DATA FOR ANALYSIS —

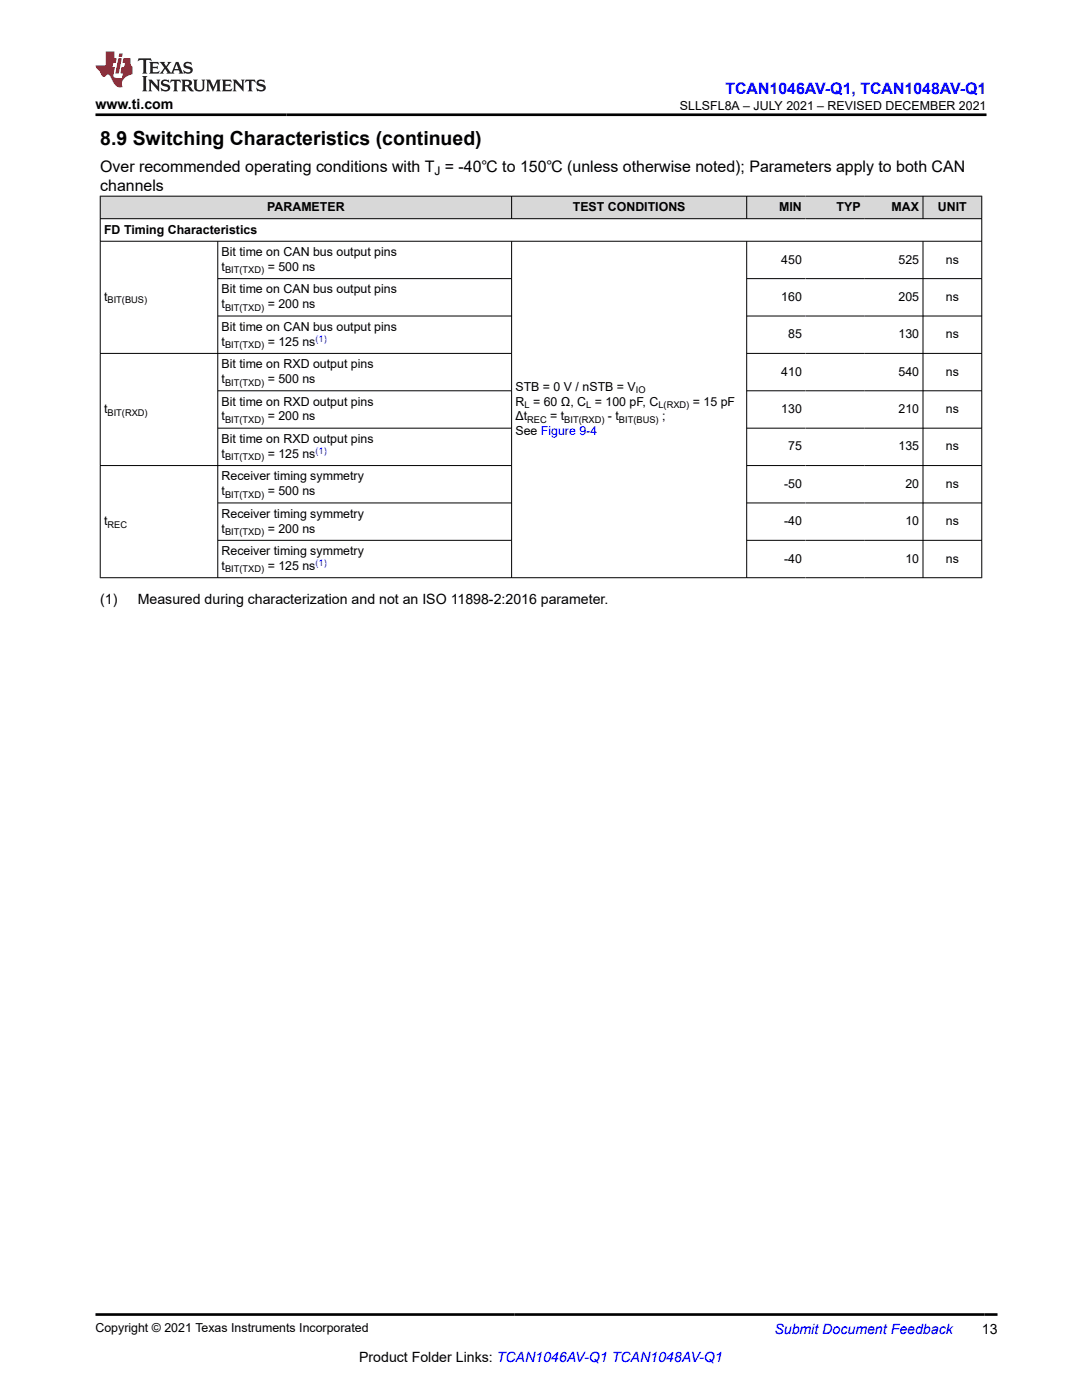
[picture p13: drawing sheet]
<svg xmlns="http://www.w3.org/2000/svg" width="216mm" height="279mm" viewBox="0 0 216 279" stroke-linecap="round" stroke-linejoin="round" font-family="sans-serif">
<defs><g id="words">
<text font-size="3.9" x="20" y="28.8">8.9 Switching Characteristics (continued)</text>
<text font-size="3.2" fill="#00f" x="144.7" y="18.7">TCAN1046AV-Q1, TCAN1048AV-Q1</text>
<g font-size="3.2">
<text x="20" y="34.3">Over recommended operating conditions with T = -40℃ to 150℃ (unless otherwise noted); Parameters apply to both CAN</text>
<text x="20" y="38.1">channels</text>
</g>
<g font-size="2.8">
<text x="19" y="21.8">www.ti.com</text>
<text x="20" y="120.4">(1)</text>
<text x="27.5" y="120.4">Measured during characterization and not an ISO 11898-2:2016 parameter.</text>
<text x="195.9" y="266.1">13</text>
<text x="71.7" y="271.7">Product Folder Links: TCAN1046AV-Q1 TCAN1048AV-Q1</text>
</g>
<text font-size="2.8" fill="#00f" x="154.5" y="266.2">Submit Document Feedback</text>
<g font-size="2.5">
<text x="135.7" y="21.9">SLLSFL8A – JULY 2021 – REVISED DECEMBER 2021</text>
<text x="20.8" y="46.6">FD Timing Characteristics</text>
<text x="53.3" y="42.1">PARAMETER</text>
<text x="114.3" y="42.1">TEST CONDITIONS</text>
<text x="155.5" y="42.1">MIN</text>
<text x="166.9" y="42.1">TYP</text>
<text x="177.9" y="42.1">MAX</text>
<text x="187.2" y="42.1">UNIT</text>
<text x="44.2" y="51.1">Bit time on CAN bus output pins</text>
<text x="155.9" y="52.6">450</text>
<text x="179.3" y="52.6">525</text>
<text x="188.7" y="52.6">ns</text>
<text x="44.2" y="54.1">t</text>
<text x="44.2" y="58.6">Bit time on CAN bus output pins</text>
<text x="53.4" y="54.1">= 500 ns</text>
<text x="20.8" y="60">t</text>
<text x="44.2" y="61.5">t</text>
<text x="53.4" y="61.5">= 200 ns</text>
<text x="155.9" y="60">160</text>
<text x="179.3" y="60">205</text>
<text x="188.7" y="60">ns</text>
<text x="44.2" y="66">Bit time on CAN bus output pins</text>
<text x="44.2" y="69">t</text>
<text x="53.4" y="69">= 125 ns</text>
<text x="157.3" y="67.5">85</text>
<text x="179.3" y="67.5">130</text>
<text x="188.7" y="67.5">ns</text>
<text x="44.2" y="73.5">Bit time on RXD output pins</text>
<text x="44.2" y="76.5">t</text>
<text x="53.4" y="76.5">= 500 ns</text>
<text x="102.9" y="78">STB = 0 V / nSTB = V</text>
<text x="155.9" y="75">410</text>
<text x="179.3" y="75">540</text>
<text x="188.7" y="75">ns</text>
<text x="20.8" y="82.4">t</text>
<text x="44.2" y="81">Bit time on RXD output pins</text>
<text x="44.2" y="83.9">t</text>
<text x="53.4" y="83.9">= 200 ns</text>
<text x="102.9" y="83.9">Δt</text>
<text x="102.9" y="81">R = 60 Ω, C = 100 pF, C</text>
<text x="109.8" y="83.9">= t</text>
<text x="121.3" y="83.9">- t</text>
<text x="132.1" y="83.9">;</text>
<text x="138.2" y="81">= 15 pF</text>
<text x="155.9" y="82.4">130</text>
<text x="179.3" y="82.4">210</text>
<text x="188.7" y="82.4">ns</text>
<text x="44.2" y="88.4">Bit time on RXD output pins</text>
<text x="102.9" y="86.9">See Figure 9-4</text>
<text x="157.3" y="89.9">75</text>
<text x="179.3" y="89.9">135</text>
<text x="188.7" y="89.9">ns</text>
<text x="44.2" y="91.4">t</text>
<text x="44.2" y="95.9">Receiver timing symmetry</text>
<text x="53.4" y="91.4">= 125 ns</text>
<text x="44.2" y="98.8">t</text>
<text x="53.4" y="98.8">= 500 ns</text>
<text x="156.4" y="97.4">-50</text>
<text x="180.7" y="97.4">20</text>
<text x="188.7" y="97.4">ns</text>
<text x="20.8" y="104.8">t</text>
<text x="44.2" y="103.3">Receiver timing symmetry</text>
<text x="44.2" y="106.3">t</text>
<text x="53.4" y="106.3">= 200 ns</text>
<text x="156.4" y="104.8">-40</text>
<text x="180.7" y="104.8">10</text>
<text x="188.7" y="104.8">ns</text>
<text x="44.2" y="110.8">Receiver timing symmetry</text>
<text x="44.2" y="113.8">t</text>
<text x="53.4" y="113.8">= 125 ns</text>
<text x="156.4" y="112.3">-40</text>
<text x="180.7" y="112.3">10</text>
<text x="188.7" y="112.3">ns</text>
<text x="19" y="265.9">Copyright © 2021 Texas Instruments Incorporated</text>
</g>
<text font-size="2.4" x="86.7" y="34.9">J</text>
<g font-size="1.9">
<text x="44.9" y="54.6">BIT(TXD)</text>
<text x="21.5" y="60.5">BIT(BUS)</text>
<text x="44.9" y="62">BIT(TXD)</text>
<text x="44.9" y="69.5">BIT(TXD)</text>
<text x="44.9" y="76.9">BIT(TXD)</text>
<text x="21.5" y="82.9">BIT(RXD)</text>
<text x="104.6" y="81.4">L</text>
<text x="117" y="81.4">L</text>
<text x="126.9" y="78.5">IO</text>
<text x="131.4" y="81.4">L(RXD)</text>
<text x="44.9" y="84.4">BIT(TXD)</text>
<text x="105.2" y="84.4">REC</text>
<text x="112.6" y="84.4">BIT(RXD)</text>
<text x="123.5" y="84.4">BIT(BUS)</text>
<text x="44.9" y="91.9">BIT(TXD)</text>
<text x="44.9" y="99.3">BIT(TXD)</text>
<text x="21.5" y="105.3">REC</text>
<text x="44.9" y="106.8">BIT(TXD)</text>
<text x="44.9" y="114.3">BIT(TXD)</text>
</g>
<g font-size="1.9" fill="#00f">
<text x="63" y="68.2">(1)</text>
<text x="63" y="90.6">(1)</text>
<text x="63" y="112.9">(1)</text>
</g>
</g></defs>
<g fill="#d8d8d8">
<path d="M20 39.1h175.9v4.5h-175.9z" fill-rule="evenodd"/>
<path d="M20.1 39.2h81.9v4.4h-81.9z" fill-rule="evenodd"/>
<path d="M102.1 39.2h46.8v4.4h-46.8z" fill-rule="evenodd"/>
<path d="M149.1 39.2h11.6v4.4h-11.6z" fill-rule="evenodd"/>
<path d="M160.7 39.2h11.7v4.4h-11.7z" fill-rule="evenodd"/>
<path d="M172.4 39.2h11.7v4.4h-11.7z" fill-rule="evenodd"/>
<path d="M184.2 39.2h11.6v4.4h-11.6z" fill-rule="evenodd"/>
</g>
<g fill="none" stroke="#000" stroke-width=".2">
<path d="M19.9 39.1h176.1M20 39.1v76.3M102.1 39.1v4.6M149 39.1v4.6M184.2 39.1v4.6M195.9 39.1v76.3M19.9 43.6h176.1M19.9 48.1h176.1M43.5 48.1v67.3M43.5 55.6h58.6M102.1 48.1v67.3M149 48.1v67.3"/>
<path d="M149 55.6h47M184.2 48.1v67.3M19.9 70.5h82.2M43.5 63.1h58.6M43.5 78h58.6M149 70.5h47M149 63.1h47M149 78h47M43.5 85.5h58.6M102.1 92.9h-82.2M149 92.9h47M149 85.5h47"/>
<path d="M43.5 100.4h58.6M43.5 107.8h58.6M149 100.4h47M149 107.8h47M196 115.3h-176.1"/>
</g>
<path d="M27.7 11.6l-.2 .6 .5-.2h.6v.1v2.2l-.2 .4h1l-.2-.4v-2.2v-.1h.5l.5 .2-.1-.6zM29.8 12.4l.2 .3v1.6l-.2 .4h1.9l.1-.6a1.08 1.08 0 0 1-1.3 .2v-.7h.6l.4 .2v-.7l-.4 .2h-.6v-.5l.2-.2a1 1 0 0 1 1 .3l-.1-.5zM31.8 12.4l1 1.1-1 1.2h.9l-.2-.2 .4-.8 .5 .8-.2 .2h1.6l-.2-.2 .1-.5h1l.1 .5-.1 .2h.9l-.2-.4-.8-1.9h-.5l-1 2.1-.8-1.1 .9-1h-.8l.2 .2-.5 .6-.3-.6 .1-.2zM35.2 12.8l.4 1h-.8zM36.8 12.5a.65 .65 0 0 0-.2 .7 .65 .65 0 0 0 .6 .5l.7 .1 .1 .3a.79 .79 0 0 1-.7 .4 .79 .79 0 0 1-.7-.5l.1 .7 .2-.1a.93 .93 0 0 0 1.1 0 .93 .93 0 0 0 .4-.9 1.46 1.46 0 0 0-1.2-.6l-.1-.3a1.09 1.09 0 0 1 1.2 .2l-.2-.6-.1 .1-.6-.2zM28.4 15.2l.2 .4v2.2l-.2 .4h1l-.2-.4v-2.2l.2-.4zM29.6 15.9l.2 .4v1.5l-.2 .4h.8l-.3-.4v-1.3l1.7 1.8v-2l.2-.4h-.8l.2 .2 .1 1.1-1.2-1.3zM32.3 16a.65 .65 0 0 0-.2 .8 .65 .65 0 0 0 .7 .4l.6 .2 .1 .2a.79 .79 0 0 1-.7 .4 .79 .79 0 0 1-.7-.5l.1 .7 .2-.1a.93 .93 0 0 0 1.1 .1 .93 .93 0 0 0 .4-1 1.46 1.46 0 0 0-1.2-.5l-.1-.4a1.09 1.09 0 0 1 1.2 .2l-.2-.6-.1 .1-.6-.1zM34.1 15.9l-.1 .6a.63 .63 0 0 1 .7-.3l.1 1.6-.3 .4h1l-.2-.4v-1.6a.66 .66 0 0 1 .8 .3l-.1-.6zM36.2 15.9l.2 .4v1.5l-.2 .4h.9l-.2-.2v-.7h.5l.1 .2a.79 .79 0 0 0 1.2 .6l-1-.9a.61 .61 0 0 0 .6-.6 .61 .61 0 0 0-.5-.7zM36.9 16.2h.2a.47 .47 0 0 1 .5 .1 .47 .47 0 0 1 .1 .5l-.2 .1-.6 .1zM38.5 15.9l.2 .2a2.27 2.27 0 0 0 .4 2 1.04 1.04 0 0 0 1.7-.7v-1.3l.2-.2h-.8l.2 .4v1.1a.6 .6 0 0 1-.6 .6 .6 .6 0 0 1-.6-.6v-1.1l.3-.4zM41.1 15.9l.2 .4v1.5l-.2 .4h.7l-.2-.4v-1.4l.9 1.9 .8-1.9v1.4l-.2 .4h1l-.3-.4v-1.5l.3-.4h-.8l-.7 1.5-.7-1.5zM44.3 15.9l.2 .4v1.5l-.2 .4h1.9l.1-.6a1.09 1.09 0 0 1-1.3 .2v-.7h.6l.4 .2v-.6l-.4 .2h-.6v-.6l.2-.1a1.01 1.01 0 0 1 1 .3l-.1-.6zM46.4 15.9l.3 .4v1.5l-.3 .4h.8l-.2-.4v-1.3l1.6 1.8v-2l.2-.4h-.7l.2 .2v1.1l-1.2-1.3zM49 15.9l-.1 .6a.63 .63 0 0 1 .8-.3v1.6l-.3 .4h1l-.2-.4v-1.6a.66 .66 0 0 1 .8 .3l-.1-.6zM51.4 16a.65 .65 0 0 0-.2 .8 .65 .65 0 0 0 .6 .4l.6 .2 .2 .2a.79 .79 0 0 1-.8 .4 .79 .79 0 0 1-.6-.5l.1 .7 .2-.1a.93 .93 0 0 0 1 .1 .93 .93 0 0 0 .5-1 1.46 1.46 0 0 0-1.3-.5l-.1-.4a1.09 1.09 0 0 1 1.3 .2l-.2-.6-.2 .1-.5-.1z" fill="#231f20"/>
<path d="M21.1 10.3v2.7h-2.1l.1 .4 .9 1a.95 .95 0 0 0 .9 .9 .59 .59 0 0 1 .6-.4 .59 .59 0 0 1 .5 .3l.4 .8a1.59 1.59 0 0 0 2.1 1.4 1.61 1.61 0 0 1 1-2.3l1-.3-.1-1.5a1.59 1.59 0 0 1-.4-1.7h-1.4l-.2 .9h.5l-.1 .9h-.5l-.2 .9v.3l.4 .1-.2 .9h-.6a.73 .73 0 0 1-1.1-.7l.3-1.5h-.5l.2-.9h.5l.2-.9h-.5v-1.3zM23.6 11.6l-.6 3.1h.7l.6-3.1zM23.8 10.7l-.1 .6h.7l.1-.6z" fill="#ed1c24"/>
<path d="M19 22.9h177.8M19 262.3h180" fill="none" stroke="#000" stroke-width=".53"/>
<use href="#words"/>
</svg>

AIM OF THE TASK — Could you copy every line from the records that has "output" in it?

COMPLETED TASK —
<text x="44.2" y="51.1">Bit time on CAN bus output pins</text>
<text x="44.2" y="58.6">Bit time on CAN bus output pins</text>
<text x="44.2" y="66">Bit time on CAN bus output pins</text>
<text x="44.2" y="73.5">Bit time on RXD output pins</text>
<text x="44.2" y="81">Bit time on RXD output pins</text>
<text x="44.2" y="88.4">Bit time on RXD output pins</text>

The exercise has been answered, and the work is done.